Work required. Scan the records for the word "values". Report each line where it occurs.

Stored entries.
______________________________

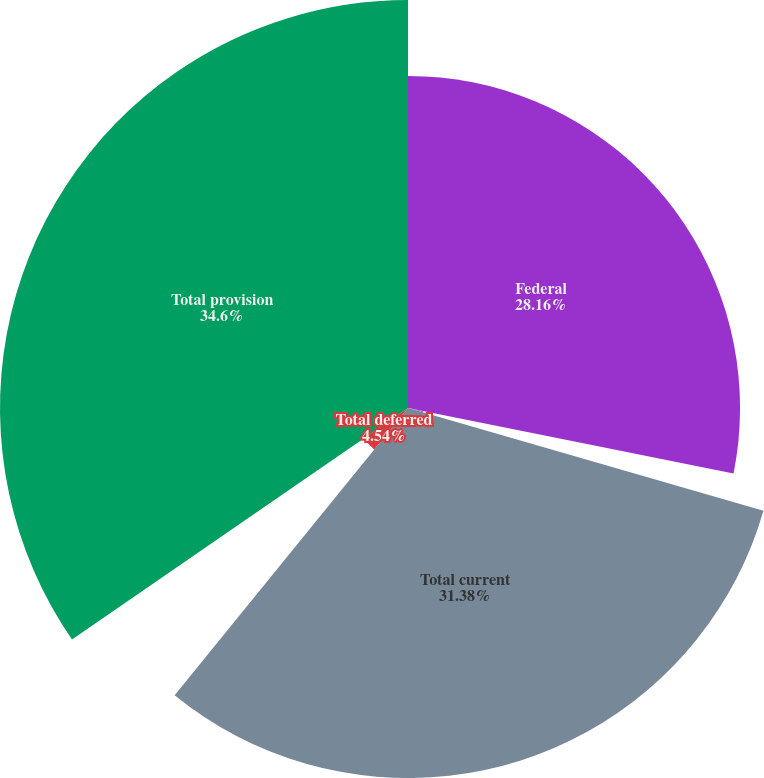<chart> <loc_0><loc_0><loc_500><loc_500><pie_chart><fcel>Federal<fcel>State<fcel>Total current<fcel>Total deferred<fcel>Total provision<nl><fcel>28.16%<fcel>1.32%<fcel>31.38%<fcel>4.54%<fcel>34.6%<nl></chart> 
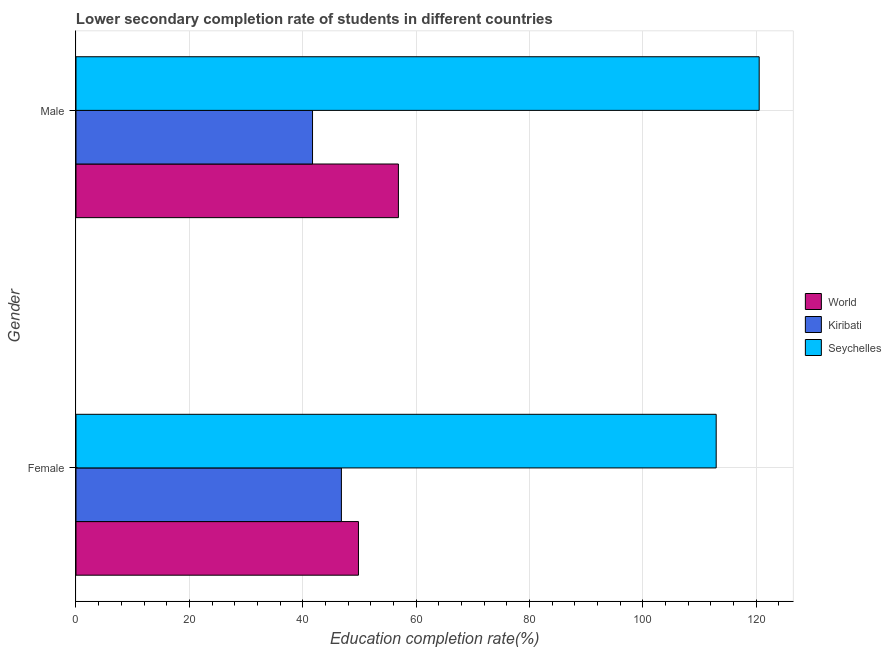How many different coloured bars are there?
Offer a very short reply. 3. How many groups of bars are there?
Your answer should be compact. 2. Are the number of bars on each tick of the Y-axis equal?
Keep it short and to the point. Yes. How many bars are there on the 2nd tick from the top?
Provide a succinct answer. 3. How many bars are there on the 1st tick from the bottom?
Offer a terse response. 3. What is the education completion rate of female students in Kiribati?
Provide a short and direct response. 46.83. Across all countries, what is the maximum education completion rate of male students?
Your answer should be compact. 120.54. Across all countries, what is the minimum education completion rate of female students?
Offer a very short reply. 46.83. In which country was the education completion rate of male students maximum?
Make the answer very short. Seychelles. In which country was the education completion rate of male students minimum?
Your response must be concise. Kiribati. What is the total education completion rate of female students in the graph?
Offer a terse response. 209.62. What is the difference between the education completion rate of male students in Seychelles and that in World?
Your response must be concise. 63.65. What is the difference between the education completion rate of male students in World and the education completion rate of female students in Seychelles?
Offer a terse response. -56.07. What is the average education completion rate of female students per country?
Your answer should be very brief. 69.87. What is the difference between the education completion rate of female students and education completion rate of male students in Kiribati?
Your answer should be compact. 5.1. In how many countries, is the education completion rate of male students greater than 68 %?
Keep it short and to the point. 1. What is the ratio of the education completion rate of male students in World to that in Seychelles?
Offer a terse response. 0.47. What does the 3rd bar from the top in Female represents?
Offer a very short reply. World. What does the 1st bar from the bottom in Male represents?
Your answer should be very brief. World. Are all the bars in the graph horizontal?
Your answer should be compact. Yes. How many countries are there in the graph?
Your answer should be compact. 3. What is the difference between two consecutive major ticks on the X-axis?
Keep it short and to the point. 20. Are the values on the major ticks of X-axis written in scientific E-notation?
Your answer should be compact. No. How are the legend labels stacked?
Offer a very short reply. Vertical. What is the title of the graph?
Provide a succinct answer. Lower secondary completion rate of students in different countries. Does "Sao Tome and Principe" appear as one of the legend labels in the graph?
Provide a succinct answer. No. What is the label or title of the X-axis?
Make the answer very short. Education completion rate(%). What is the Education completion rate(%) in World in Female?
Offer a terse response. 49.84. What is the Education completion rate(%) in Kiribati in Female?
Offer a terse response. 46.83. What is the Education completion rate(%) in Seychelles in Female?
Ensure brevity in your answer.  112.95. What is the Education completion rate(%) in World in Male?
Keep it short and to the point. 56.89. What is the Education completion rate(%) of Kiribati in Male?
Your response must be concise. 41.73. What is the Education completion rate(%) in Seychelles in Male?
Offer a terse response. 120.54. Across all Gender, what is the maximum Education completion rate(%) in World?
Give a very brief answer. 56.89. Across all Gender, what is the maximum Education completion rate(%) of Kiribati?
Your answer should be very brief. 46.83. Across all Gender, what is the maximum Education completion rate(%) of Seychelles?
Make the answer very short. 120.54. Across all Gender, what is the minimum Education completion rate(%) in World?
Provide a short and direct response. 49.84. Across all Gender, what is the minimum Education completion rate(%) in Kiribati?
Make the answer very short. 41.73. Across all Gender, what is the minimum Education completion rate(%) in Seychelles?
Ensure brevity in your answer.  112.95. What is the total Education completion rate(%) in World in the graph?
Make the answer very short. 106.72. What is the total Education completion rate(%) of Kiribati in the graph?
Your answer should be compact. 88.56. What is the total Education completion rate(%) in Seychelles in the graph?
Your response must be concise. 233.49. What is the difference between the Education completion rate(%) of World in Female and that in Male?
Your answer should be very brief. -7.05. What is the difference between the Education completion rate(%) of Kiribati in Female and that in Male?
Your answer should be very brief. 5.1. What is the difference between the Education completion rate(%) in Seychelles in Female and that in Male?
Give a very brief answer. -7.59. What is the difference between the Education completion rate(%) in World in Female and the Education completion rate(%) in Kiribati in Male?
Give a very brief answer. 8.1. What is the difference between the Education completion rate(%) of World in Female and the Education completion rate(%) of Seychelles in Male?
Your answer should be very brief. -70.7. What is the difference between the Education completion rate(%) of Kiribati in Female and the Education completion rate(%) of Seychelles in Male?
Provide a succinct answer. -73.71. What is the average Education completion rate(%) of World per Gender?
Your response must be concise. 53.36. What is the average Education completion rate(%) in Kiribati per Gender?
Keep it short and to the point. 44.28. What is the average Education completion rate(%) of Seychelles per Gender?
Ensure brevity in your answer.  116.75. What is the difference between the Education completion rate(%) of World and Education completion rate(%) of Kiribati in Female?
Keep it short and to the point. 3.01. What is the difference between the Education completion rate(%) of World and Education completion rate(%) of Seychelles in Female?
Keep it short and to the point. -63.12. What is the difference between the Education completion rate(%) of Kiribati and Education completion rate(%) of Seychelles in Female?
Your answer should be very brief. -66.12. What is the difference between the Education completion rate(%) in World and Education completion rate(%) in Kiribati in Male?
Your answer should be very brief. 15.15. What is the difference between the Education completion rate(%) of World and Education completion rate(%) of Seychelles in Male?
Provide a succinct answer. -63.65. What is the difference between the Education completion rate(%) of Kiribati and Education completion rate(%) of Seychelles in Male?
Provide a succinct answer. -78.81. What is the ratio of the Education completion rate(%) in World in Female to that in Male?
Give a very brief answer. 0.88. What is the ratio of the Education completion rate(%) of Kiribati in Female to that in Male?
Provide a short and direct response. 1.12. What is the ratio of the Education completion rate(%) in Seychelles in Female to that in Male?
Ensure brevity in your answer.  0.94. What is the difference between the highest and the second highest Education completion rate(%) in World?
Give a very brief answer. 7.05. What is the difference between the highest and the second highest Education completion rate(%) in Kiribati?
Your answer should be very brief. 5.1. What is the difference between the highest and the second highest Education completion rate(%) in Seychelles?
Offer a terse response. 7.59. What is the difference between the highest and the lowest Education completion rate(%) in World?
Your answer should be compact. 7.05. What is the difference between the highest and the lowest Education completion rate(%) in Kiribati?
Offer a terse response. 5.1. What is the difference between the highest and the lowest Education completion rate(%) in Seychelles?
Give a very brief answer. 7.59. 
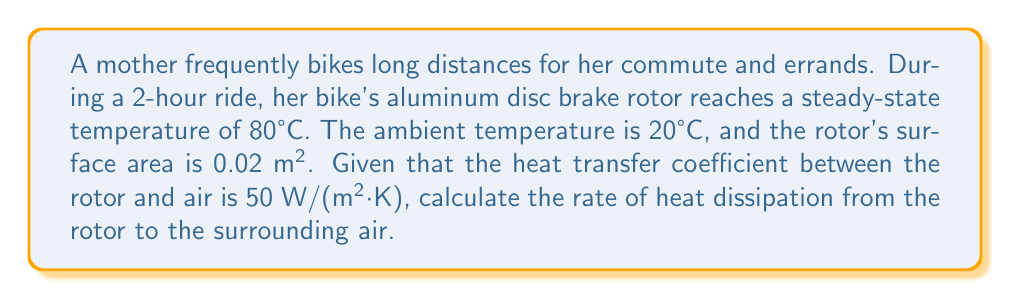Can you solve this math problem? To solve this problem, we'll use Newton's Law of Cooling:

$$Q = hA(T_s - T_∞)$$

Where:
$Q$ = Rate of heat transfer (W)
$h$ = Heat transfer coefficient (W/(m²·K))
$A$ = Surface area (m²)
$T_s$ = Surface temperature (°C)
$T_∞$ = Ambient temperature (°C)

Step 1: Identify the given values
$h = 50$ W/(m²·K)
$A = 0.02$ m²
$T_s = 80°C$
$T_∞ = 20°C$

Step 2: Substitute the values into the equation
$$Q = 50 \cdot 0.02 \cdot (80 - 20)$$

Step 3: Calculate the temperature difference
$$(80 - 20) = 60°C$$

Step 4: Multiply all values
$$Q = 50 \cdot 0.02 \cdot 60 = 60\text{ W}$$

Therefore, the rate of heat dissipation from the rotor to the surrounding air is 60 W.
Answer: 60 W

______________________________

Answer to this exercise.
Keep it short and to the point. 20. Are the values on the major ticks of X-axis written in scientific E-notation?
Step 1: Identify the given values
Step 2: Substitute the values into the equation
Step 4: Multiply all values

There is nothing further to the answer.